The High Cost of Peace in Colombia

colombian rebelsFor half a century, Colombia has been riven by violence as paramilitary groups and rebel armies fight against the state government, displacing millions and contributing to appalling trends of drug trafficking and corruption. Ending this conflict finally seems in sight, but the cost of waging peace is vastly higher than the nation of Colombia may be able to afford.

To end Colombia’s violence will require the support and assistance of the international community, said Dr. Juana Garcia Duque at a recent talk hosted by the Latin American Studies Center at the Frederick S. Pardee School of Global Studies at Boston University. That talk, titled “International Cooperation and the Colombian Peace Process,” took place Dec. 8. Duque, professor of international studies at the University of Los Andes in Bogota and a former director of international cooperation for the Colombian ministry of foreign relations, spoke in Spanish, and her words were translated by BU’s Ana-Maria Reyes, associate professor of Latin American art.

“One of the biggest conflicts between the Colombian state and the guerrillas is that whenever the guerrillas have tried to be political actors, they have been largely exterminated,” Duque said. “There is no trust in the demobilization process with the state. That’s where the international community has come in.”

Many of the Colombian rebel groups, particularly the left wing Revolutionary Armed Forces of Colombia (FARC), are among the best-funded non-state military groups in the world. Kidnapping, extortion, and the drug trade has allowed them to prosecute war more or less continuously since 1964, while different Colombian leaders have tried a number of strategies to combat them.

“Under (2002-2010 Colombian President Alvaro) Uribe, the peace process underwent a radical transformation as the government adopted the language of terrorism to reduce the platform for negotiations,” Duque said. “The discourse of terrorism made it easy to cancel negotations by calling rebels terrorists rather than political actors.”

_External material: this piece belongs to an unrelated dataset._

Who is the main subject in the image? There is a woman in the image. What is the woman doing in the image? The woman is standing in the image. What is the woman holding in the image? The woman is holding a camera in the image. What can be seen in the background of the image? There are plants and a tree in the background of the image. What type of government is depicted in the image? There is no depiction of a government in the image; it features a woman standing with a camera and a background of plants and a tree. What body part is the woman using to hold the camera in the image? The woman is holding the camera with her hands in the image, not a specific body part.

Currently, Colombia receives $500 million annually in international donations. The bulk of the funds comes from the U. S. and goes to the military to continue fighting rebels. But a number of changes in the last few years have brought new hope to Colombians.

“The government has been undergoing a two-part peace negotation with FARC in Oslo and Havana, building a five-point platform of agrarian reform, political participation, ending armed conflict, finding a solution to drug traffic, and the issue of victims,” Duque said. “But there is a still a fear in Colombia of the consequences of political participation.”

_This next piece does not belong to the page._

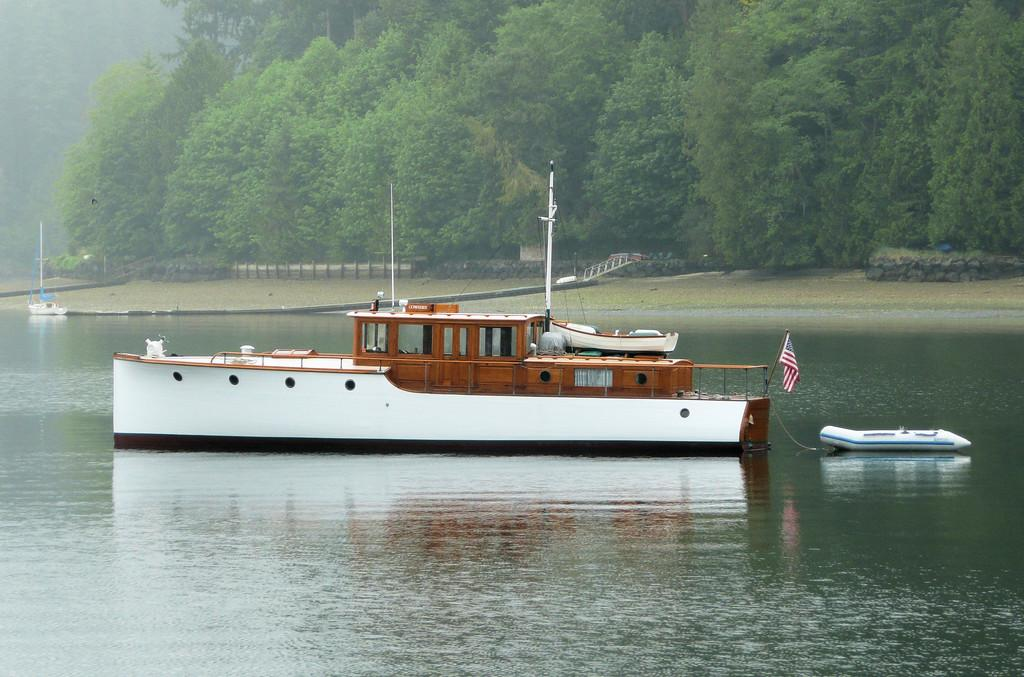What types of watercraft are visible in the image? There are ships and a boat in the image. Are the ships and boat in contact with the water? No, the ships and boat are above the water. What other objects can be seen in the image? There are poles and a flag in the image. What can be seen in the background of the image? There are trees, plants, a wall, grass, and a fence in the background of the image. What type of sleet can be seen falling from the sky in the image? There is no sleet present in the image; it is a clear day with ships, a boat, poles, and a flag. Can you tell me how many chickens are visible in the image? There are no chickens present in the image.

Additionally, there is the enormous problem of paying restitution to the millions of victims of the armed conflict. 2011’s Law of Victims places the number of Colombians harmed by the war at around 7 million, the largest number of specified victims of any transitional justice system in the world. A single year of restitution payments to victims of the Colombian armed conflict would equal the total restitution claims of very victim in the Congo.

“Out of 45 transitional justice programs studied by the Harvard Kennedy School, none were in the same scale as Colombia,” Duque said. “The expectations are so enormous they are undeliverable – and now, the U. S. and other nations are trying to back away from their donor country status.”